Benedikt Wurth hat schon länger mit Bienenwachs zu tun gehabt, wie er erzählt. Bereits sein Vater war Imker und die Familie stellt seit geraumer Zeit Bioohrenkerzen her. Seine Partnerin Rosa Binder ist Sonder- und Heilpädagogin. Beide haben eines Tages entschieden, dass sie den globalen Umgang mit Plastik nicht mehr unterstützen wollen. Daher die Entwicklung von Jausnwrap,

+++The Ocean Cleanup: Kampf gegen 5.000.000.000.000.000.000 Plastikteile +++

Pitching-Tipps von Florian Kandler

Um ins Detail zu gehen: Das Produkt besteht aus einem wiederverwendbaren Baumwollstoff, der in Bienenwachs, Baumharz und Jojobaöl getränkt wurde.
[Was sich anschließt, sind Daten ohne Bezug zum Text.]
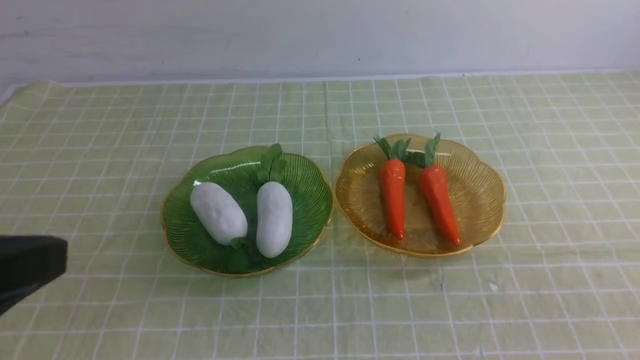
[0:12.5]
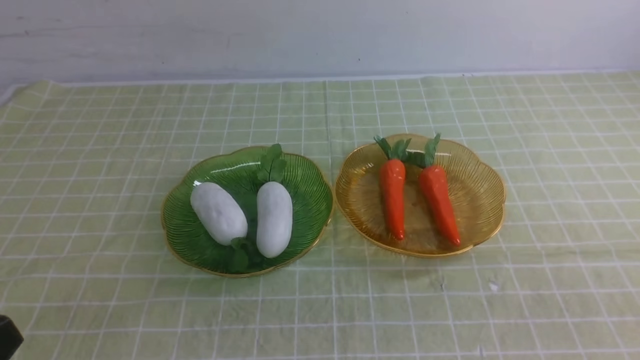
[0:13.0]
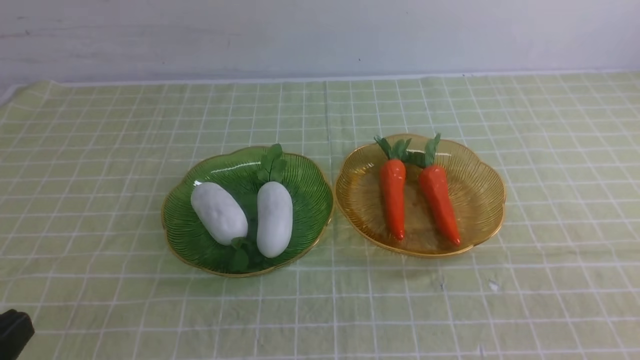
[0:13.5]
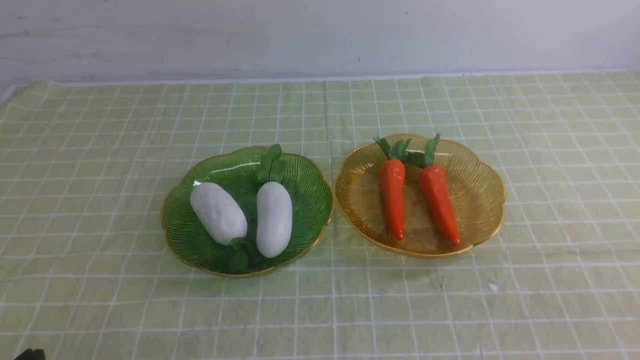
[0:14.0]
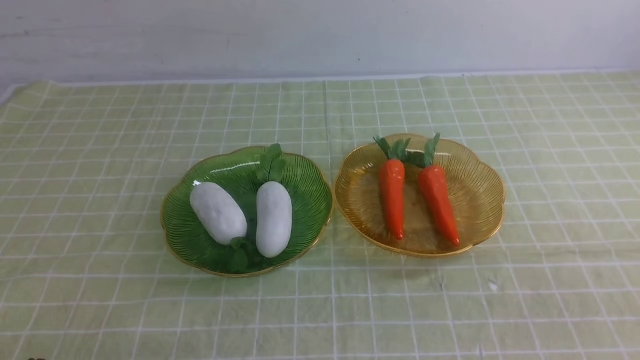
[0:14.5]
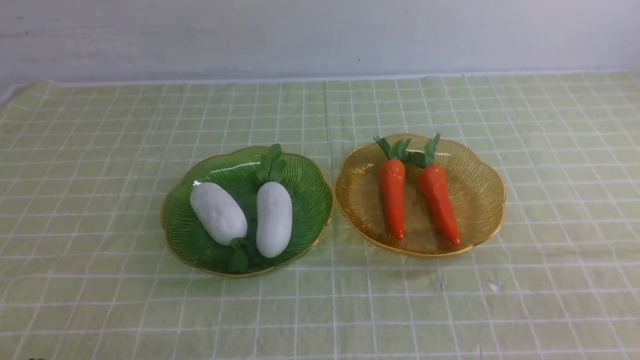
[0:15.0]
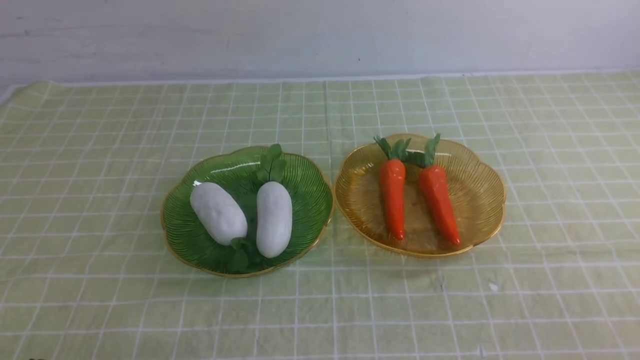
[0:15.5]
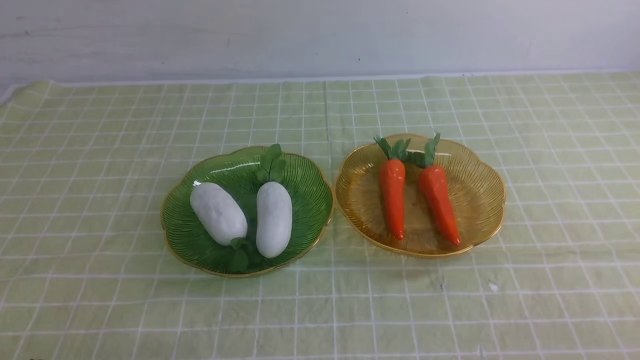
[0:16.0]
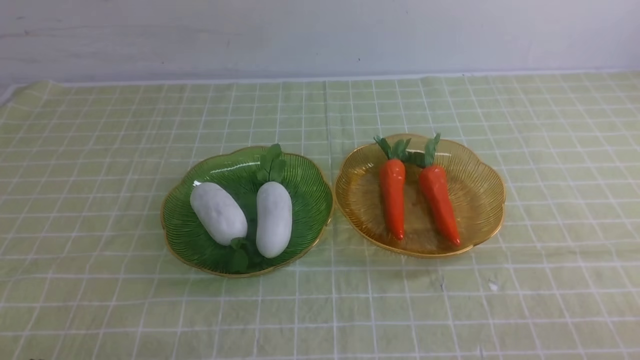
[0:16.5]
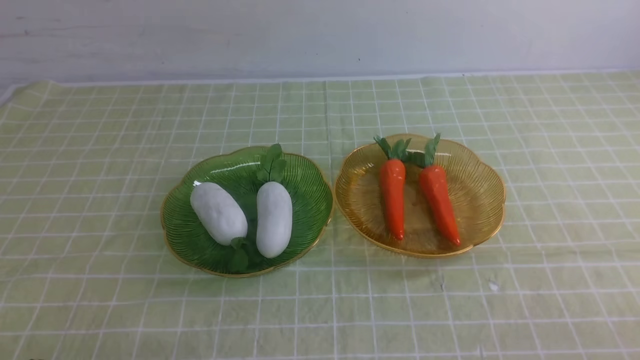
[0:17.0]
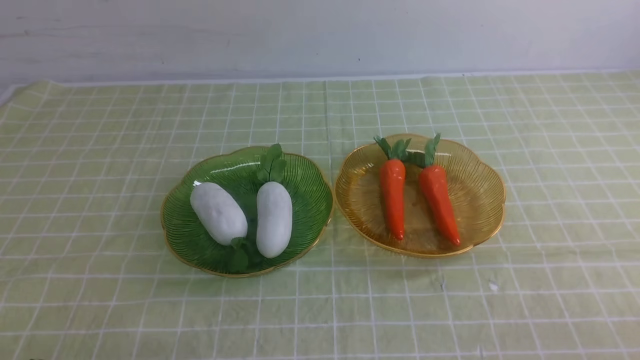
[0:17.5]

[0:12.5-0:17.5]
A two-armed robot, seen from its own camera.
0:12.5 to 0:15.0: The left gripper goes some 20 cm downward.

Es ist formbar, eignet sich um kalte Speisen frisch zu halten und ist in verschiedenen Größen erhältlich.

Dass der Pitch bei „2 Minuten 2 Millionen“ derart gut ankam, scheint an der natürlichen Art der Gründer zu liegen. Und an deren Vorbereitung. „Wir haben als Probe den Pitch ins Handy gesprochen und auf Dinge geachtet, die nicht so gut aussehen“, sagt Wurth.

Zudem hat man das Puls4-Service genutzt, sich Tipps vom Startup-Experten Florian Kandler zu holen. „Er hat uns daran erinnert diese zwei Minuten auch wirklich für die Kernbotschaft zu nutzen. Es erscheint zwar logisch, aber etwa die eigene Webseite zu erwähnen, gehört auch dazu“.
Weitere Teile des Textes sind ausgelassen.